Problem requirements: From the first line to the last, output the records exactly and drop any images.

Segment Open

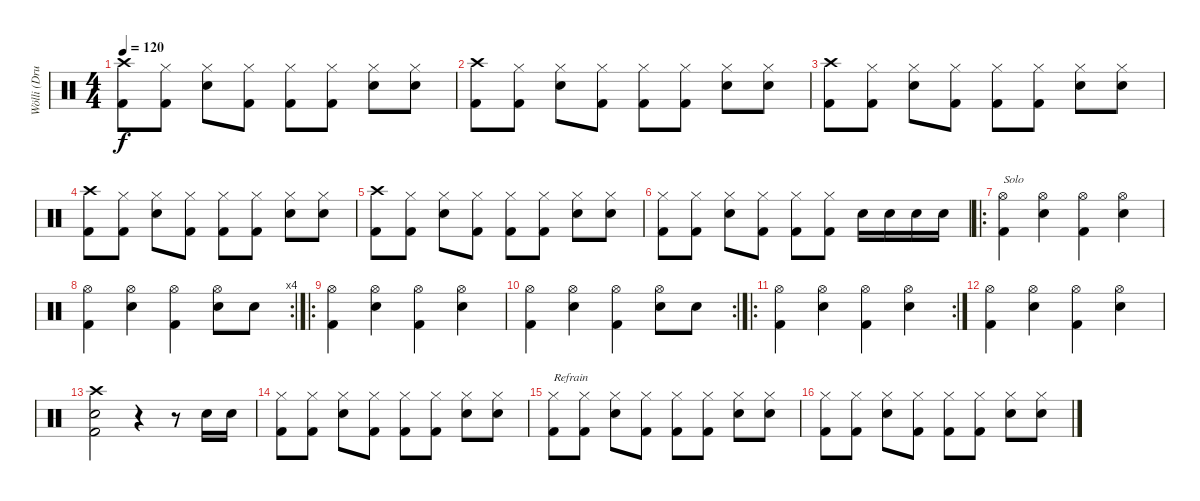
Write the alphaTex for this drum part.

\track ("Wölli (Drums)" "Wölli (Dru") {instrument percussion}
\staff {score}
\articulation defaults
\ts (4 4)
\tempo 120
\clef neutral
\ks c
("Crash high (hit)" "Kick (hit) 2").8{dy f} ("Hi-Hat (closed)" "Kick (hit) 2").8 ("Hi-Hat (closed)" "Snare (hit) 2").8 ("Hi-Hat (closed)" "Kick (hit) 2").8 ("Hi-Hat (closed)" "Kick (hit) 2").8 ("Hi-Hat (closed)" "Kick (hit) 2").8 ("Hi-Hat (closed)" "Snare (hit) 2").8 ("Hi-Hat (closed)" "Snare (hit) 2").8 |
("Crash high (hit)" "Kick (hit) 2").8 ("Hi-Hat (closed)" "Kick (hit) 2").8 ("Hi-Hat (closed)" "Snare (hit) 2").8 ("Hi-Hat (closed)" "Kick (hit) 2").8 ("Hi-Hat (closed)" "Kick (hit) 2").8 ("Hi-Hat (closed)" "Kick (hit) 2").8 ("Hi-Hat (closed)" "Snare (hit) 2").8 ("Hi-Hat (closed)" "Snare (hit) 2").8 |
("Crash high (hit)" "Kick (hit) 2").8 ("Hi-Hat (closed)" "Kick (hit) 2").8 ("Hi-Hat (closed)" "Snare (hit) 2").8 ("Hi-Hat (closed)" "Kick (hit) 2").8 ("Hi-Hat (closed)" "Kick (hit) 2").8 ("Hi-Hat (closed)" "Kick (hit) 2").8 ("Hi-Hat (closed)" "Snare (hit) 2").8 ("Hi-Hat (closed)" "Snare (hit) 2").8 |
("Crash high (hit)" "Kick (hit) 2").8 ("Hi-Hat (closed)" "Kick (hit) 2").8 ("Hi-Hat (closed)" "Snare (hit) 2").8 ("Hi-Hat (closed)" "Kick (hit) 2").8 ("Hi-Hat (closed)" "Kick (hit) 2").8 ("Hi-Hat (closed)" "Kick (hit) 2").8 ("Hi-Hat (closed)" "Snare (hit) 2").8 ("Hi-Hat (closed)" "Snare (hit) 2").8 |
("Crash high (hit)" "Kick (hit) 2").8 ("Hi-Hat (closed)" "Kick (hit) 2").8 ("Hi-Hat (closed)" "Snare (hit) 2").8 ("Hi-Hat (closed)" "Kick (hit) 2").8 ("Hi-Hat (closed)" "Kick (hit) 2").8 ("Hi-Hat (closed)" "Kick (hit) 2").8 ("Hi-Hat (closed)" "Snare (hit) 2").8 ("Hi-Hat (closed)" "Snare (hit) 2").8 |
("Hi-Hat (closed)" "Kick (hit) 2").8 ("Hi-Hat (closed)" "Kick (hit) 2").8 ("Hi-Hat (closed)" "Snare (hit) 2").8 ("Hi-Hat (closed)" "Kick (hit) 2").8 ("Hi-Hat (closed)" "Kick (hit) 2").8 ("Hi-Hat (closed)" "Kick (hit) 2").8 "Snare (hit) 2".16 "Snare (hit) 2".16 "Snare (hit) 2".16 "Snare (hit) 2".16 |
\ro
("Hi-Hat (open)" "Kick (hit) 2").4{txt "Solo"} ("Hi-Hat (open)" "Snare (hit) 2").4 ("Hi-Hat (open)" "Kick (hit) 2").4 ("Hi-Hat (open)" "Snare (hit) 2").4 |
\rc 4
("Hi-Hat (open)" "Kick (hit) 2").4 ("Hi-Hat (open)" "Snare (hit) 2").4 ("Hi-Hat (open)" "Kick (hit) 2").4 ("Hi-Hat (open)" "Snare (hit) 2").8 "Snare (hit) 2".8 |
\ro
("Hi-Hat (open)" "Kick (hit) 2").4 ("Hi-Hat (open)" "Snare (hit) 2").4 ("Hi-Hat (open)" "Kick (hit) 2").4 ("Hi-Hat (open)" "Snare (hit) 2").4 |
\rc 2
("Hi-Hat (open)" "Kick (hit) 2").4 ("Hi-Hat (open)" "Snare (hit) 2").4 ("Hi-Hat (open)" "Kick (hit) 2").4 ("Hi-Hat (open)" "Snare (hit) 2").8 "Snare (hit) 2".8 |
\ro
\rc 2
("Hi-Hat (open)" "Kick (hit) 2").4 ("Hi-Hat (open)" "Snare (hit) 2").4 ("Hi-Hat (open)" "Kick (hit) 2").4 ("Hi-Hat (open)" "Snare (hit) 2").4 |
("Hi-Hat (open)" "Kick (hit) 2").4 ("Hi-Hat (open)" "Snare (hit) 2").4 ("Hi-Hat (open)" "Kick (hit) 2").4 ("Hi-Hat (open)" "Snare (hit) 2").4 |
("Crash high (hit)" "Snare (hit) 2" "Kick (hit) 2").2 r.4 r.8 "Snare (hit) 2".16 "Snare (hit) 2".16 |
("Hi-Hat (closed)" "Kick (hit) 2").8 ("Hi-Hat (closed)" "Kick (hit) 2").8 ("Hi-Hat (closed)" "Snare (hit) 2").8 ("Hi-Hat (closed)" "Kick (hit) 2").8 ("Hi-Hat (closed)" "Kick (hit) 2").8 ("Hi-Hat (closed)" "Kick (hit) 2").8 ("Hi-Hat (closed)" "Snare (hit) 2").8 ("Hi-Hat (closed)" "Snare (hit) 2").8 |
("Hi-Hat (closed)" "Kick (hit) 2").8{txt "Refrain"} ("Hi-Hat (closed)" "Kick (hit) 2").8 ("Hi-Hat (closed)" "Snare (hit) 2").8 ("Hi-Hat (closed)" "Kick (hit) 2").8 ("Hi-Hat (closed)" "Kick (hit) 2").8 ("Hi-Hat (closed)" "Kick (hit) 2").8 ("Hi-Hat (closed)" "Snare (hit) 2").8 ("Hi-Hat (closed)" "Snare (hit) 2").8 |
("Hi-Hat (closed)" "Kick (hit) 2").8 ("Hi-Hat (closed)" "Kick (hit) 2").8 ("Hi-Hat (closed)" "Snare (hit) 2").8 ("Hi-Hat (closed)" "Kick (hit) 2").8 ("Hi-Hat (closed)" "Kick (hit) 2").8 ("Hi-Hat (closed)" "Kick (hit) 2").8 ("Hi-Hat (closed)" "Snare (hit) 2").8 ("Hi-Hat (closed)" "Snare (hit) 2").8

Segment Closed

Solved exercise:
Write the alphaTex for this drum part.

\track ("Wölli (Drums)" "Wölli (Dru") {instrument percussion}
\staff {score}
\articulation defaults
\ts (4 4)
\tempo 120
\clef neutral
\ks c
("Crash high (hit)" "Kick (hit) 2").8{dy f} ("Hi-Hat (closed)" "Kick (hit) 2").8 ("Hi-Hat (closed)" "Snare (hit) 2").8 ("Hi-Hat (closed)" "Kick (hit) 2").8 ("Hi-Hat (closed)" "Kick (hit) 2").8 ("Hi-Hat (closed)" "Kick (hit) 2").8 ("Hi-Hat (closed)" "Snare (hit) 2").8 ("Hi-Hat (closed)" "Snare (hit) 2").8 |
("Crash high (hit)" "Kick (hit) 2").8 ("Hi-Hat (closed)" "Kick (hit) 2").8 ("Hi-Hat (closed)" "Snare (hit) 2").8 ("Hi-Hat (closed)" "Kick (hit) 2").8 ("Hi-Hat (closed)" "Kick (hit) 2").8 ("Hi-Hat (closed)" "Kick (hit) 2").8 ("Hi-Hat (closed)" "Snare (hit) 2").8 ("Hi-Hat (closed)" "Snare (hit) 2").8 |
("Crash high (hit)" "Kick (hit) 2").8 ("Hi-Hat (closed)" "Kick (hit) 2").8 ("Hi-Hat (closed)" "Snare (hit) 2").8 ("Hi-Hat (closed)" "Kick (hit) 2").8 ("Hi-Hat (closed)" "Kick (hit) 2").8 ("Hi-Hat (closed)" "Kick (hit) 2").8 ("Hi-Hat (closed)" "Snare (hit) 2").8 ("Hi-Hat (closed)" "Snare (hit) 2").8 |
("Crash high (hit)" "Kick (hit) 2").8 ("Hi-Hat (closed)" "Kick (hit) 2").8 ("Hi-Hat (closed)" "Snare (hit) 2").8 ("Hi-Hat (closed)" "Kick (hit) 2").8 ("Hi-Hat (closed)" "Kick (hit) 2").8 ("Hi-Hat (closed)" "Kick (hit) 2").8 ("Hi-Hat (closed)" "Snare (hit) 2").8 ("Hi-Hat (closed)" "Snare (hit) 2").8 |
("Crash high (hit)" "Kick (hit) 2").8 ("Hi-Hat (closed)" "Kick (hit) 2").8 ("Hi-Hat (closed)" "Snare (hit) 2").8 ("Hi-Hat (closed)" "Kick (hit) 2").8 ("Hi-Hat (closed)" "Kick (hit) 2").8 ("Hi-Hat (closed)" "Kick (hit) 2").8 ("Hi-Hat (closed)" "Snare (hit) 2").8 ("Hi-Hat (closed)" "Snare (hit) 2").8 |
("Hi-Hat (closed)" "Kick (hit) 2").8 ("Hi-Hat (closed)" "Kick (hit) 2").8 ("Hi-Hat (closed)" "Snare (hit) 2").8 ("Hi-Hat (closed)" "Kick (hit) 2").8 ("Hi-Hat (closed)" "Kick (hit) 2").8 ("Hi-Hat (closed)" "Kick (hit) 2").8 "Snare (hit) 2".16 "Snare (hit) 2".16 "Snare (hit) 2".16 "Snare (hit) 2".16 |
\ro
("Hi-Hat (open)" "Kick (hit) 2").4{txt "Solo"} ("Hi-Hat (open)" "Snare (hit) 2").4 ("Hi-Hat (open)" "Kick (hit) 2").4 ("Hi-Hat (open)" "Snare (hit) 2").4 |
\rc 4
("Hi-Hat (open)" "Kick (hit) 2").4 ("Hi-Hat (open)" "Snare (hit) 2").4 ("Hi-Hat (open)" "Kick (hit) 2").4 ("Hi-Hat (open)" "Snare (hit) 2").8 "Snare (hit) 2".8 |
\ro
("Hi-Hat (open)" "Kick (hit) 2").4 ("Hi-Hat (open)" "Snare (hit) 2").4 ("Hi-Hat (open)" "Kick (hit) 2").4 ("Hi-Hat (open)" "Snare (hit) 2").4 |
\rc 2
("Hi-Hat (open)" "Kick (hit) 2").4 ("Hi-Hat (open)" "Snare (hit) 2").4 ("Hi-Hat (open)" "Kick (hit) 2").4 ("Hi-Hat (open)" "Snare (hit) 2").8 "Snare (hit) 2".8 |
\ro
\rc 2
("Hi-Hat (open)" "Kick (hit) 2").4 ("Hi-Hat (open)" "Snare (hit) 2").4 ("Hi-Hat (open)" "Kick (hit) 2").4 ("Hi-Hat (open)" "Snare (hit) 2").4 |
("Hi-Hat (open)" "Kick (hit) 2").4 ("Hi-Hat (open)" "Snare (hit) 2").4 ("Hi-Hat (open)" "Kick (hit) 2").4 ("Hi-Hat (open)" "Snare (hit) 2").4 |
("Crash high (hit)" "Snare (hit) 2" "Kick (hit) 2").2 r.4 r.8 "Snare (hit) 2".16 "Snare (hit) 2".16 |
("Hi-Hat (closed)" "Kick (hit) 2").8 ("Hi-Hat (closed)" "Kick (hit) 2").8 ("Hi-Hat (closed)" "Snare (hit) 2").8 ("Hi-Hat (closed)" "Kick (hit) 2").8 ("Hi-Hat (closed)" "Kick (hit) 2").8 ("Hi-Hat (closed)" "Kick (hit) 2").8 ("Hi-Hat (closed)" "Snare (hit) 2").8 ("Hi-Hat (closed)" "Snare (hit) 2").8 |
("Hi-Hat (closed)" "Kick (hit) 2").8{txt "Refrain"} ("Hi-Hat (closed)" "Kick (hit) 2").8 ("Hi-Hat (closed)" "Snare (hit) 2").8 ("Hi-Hat (closed)" "Kick (hit) 2").8 ("Hi-Hat (closed)" "Kick (hit) 2").8 ("Hi-Hat (closed)" "Kick (hit) 2").8 ("Hi-Hat (closed)" "Snare (hit) 2").8 ("Hi-Hat (closed)" "Snare (hit) 2").8 |
("Hi-Hat (closed)" "Kick (hit) 2").8 ("Hi-Hat (closed)" "Kick (hit) 2").8 ("Hi-Hat (closed)" "Snare (hit) 2").8 ("Hi-Hat (closed)" "Kick (hit) 2").8 ("Hi-Hat (closed)" "Kick (hit) 2").8 ("Hi-Hat (closed)" "Kick (hit) 2").8 ("Hi-Hat (closed)" "Snare (hit) 2").8 ("Hi-Hat (closed)" "Snare (hit) 2").8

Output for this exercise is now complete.